(Reuters) - A disposal of pledged securities by financial firms caused steep declines over the last few days in the shares of some companies belonging to Indian conglomerate Reliance Group - controlled by tycoon Anil Ambani - the Reliance companies said on Friday.
A few non-banking financial companies (NBFCs) invoked pledged shares of Reliance Capital Ltd, Reliance Infrastructure Ltd and Reliance Power Ltd, and made open market sales of about 4 billion rupees ($56.23 million) during Feb. 4-7, triggering the sharp falls in their shares, the companies said in stock exchange filings https://www.bseindia.com/xml-data/corpfiling/AttachLive/670062d2-5ca6-44cc-a049-9446f30d770f.pdf.

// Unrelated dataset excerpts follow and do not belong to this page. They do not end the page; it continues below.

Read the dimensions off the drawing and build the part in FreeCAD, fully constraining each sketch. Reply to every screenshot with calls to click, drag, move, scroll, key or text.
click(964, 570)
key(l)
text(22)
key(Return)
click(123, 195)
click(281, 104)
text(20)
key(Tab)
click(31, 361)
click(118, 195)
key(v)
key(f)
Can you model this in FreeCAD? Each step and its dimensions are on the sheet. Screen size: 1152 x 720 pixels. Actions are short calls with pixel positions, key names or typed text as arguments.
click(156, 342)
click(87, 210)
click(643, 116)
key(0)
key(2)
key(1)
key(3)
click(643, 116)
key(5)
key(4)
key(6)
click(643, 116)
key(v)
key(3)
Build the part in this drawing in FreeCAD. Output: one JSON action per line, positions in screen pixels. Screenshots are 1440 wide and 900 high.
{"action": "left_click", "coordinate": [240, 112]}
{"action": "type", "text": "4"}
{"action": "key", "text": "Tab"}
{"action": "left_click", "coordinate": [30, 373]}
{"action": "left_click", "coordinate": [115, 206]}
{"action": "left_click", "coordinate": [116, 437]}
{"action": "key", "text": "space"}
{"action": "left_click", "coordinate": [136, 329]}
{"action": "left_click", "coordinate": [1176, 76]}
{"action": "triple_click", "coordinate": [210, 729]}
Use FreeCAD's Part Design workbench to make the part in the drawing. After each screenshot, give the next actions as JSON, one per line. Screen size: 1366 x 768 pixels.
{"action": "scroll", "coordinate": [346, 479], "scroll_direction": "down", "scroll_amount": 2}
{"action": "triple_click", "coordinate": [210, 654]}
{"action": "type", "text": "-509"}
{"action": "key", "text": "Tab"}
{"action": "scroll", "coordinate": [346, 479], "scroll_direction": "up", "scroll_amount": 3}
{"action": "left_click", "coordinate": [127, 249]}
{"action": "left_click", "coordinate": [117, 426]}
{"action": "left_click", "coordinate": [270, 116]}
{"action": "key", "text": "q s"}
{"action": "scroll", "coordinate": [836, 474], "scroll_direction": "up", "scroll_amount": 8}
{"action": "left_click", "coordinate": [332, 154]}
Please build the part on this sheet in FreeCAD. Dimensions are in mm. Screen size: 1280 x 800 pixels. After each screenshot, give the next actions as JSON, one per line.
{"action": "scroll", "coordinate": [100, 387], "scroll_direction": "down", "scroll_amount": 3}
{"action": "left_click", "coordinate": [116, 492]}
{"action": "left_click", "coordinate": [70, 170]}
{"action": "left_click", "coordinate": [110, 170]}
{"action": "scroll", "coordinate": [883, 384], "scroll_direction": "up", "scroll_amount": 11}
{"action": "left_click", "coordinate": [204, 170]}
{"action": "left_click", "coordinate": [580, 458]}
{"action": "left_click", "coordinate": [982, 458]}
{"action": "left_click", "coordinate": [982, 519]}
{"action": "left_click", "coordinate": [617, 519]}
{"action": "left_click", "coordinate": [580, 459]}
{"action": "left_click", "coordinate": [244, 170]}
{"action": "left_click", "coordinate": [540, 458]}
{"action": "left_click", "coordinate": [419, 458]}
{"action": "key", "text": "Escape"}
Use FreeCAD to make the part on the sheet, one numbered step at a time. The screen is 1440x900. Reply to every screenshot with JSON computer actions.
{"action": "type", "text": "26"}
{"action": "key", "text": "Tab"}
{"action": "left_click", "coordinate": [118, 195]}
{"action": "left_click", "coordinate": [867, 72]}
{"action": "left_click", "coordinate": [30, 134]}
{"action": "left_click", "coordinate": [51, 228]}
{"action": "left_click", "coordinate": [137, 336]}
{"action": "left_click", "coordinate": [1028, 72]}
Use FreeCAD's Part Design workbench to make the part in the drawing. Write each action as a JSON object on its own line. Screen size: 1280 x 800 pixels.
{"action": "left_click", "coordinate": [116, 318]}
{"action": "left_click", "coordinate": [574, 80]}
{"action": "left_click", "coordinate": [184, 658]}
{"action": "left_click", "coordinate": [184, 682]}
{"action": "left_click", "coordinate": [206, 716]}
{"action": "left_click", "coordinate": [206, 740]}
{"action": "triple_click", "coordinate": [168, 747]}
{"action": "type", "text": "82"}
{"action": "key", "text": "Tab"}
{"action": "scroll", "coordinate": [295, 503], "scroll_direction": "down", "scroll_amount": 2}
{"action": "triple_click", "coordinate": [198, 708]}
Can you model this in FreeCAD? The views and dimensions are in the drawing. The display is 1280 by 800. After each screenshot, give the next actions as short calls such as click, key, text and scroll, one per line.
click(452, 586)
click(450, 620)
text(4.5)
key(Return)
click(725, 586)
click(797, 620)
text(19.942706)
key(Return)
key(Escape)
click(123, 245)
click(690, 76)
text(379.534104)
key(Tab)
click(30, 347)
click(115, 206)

In that period, shares of Reliance Power plunged 62.1 percent, while those of Reliance Infrastructure dropped 58.6 percent, and Reliance Capital fell 38.6 percent.
The companies said the disposals were made by L&T Finance Holdings Ltd and certain entities of Edelweiss Group. It was not clear who had pledged the shares.
Reliance Group called the move by the NBFCs "illegal and excessive", and said the sale was done without attempts at "orderly market disposal". Reliance Capital, Reliance Infrastructure and Reliance Power were "performing satisfactorily on all operating parameters", the group added.
Edelweiss Group and L&T Finance did not immediately respond to Reuters' requests seeking comment.
Reliance Group also said that plans by Anil Ambani-controlled Reliance Communications Ltd (RCom) to resolve its debt through the National Company Law Tribunal had no adverse impact on the three companies in question.
RCom's stock has dropped 55.2 percent since it announced its plan on Friday.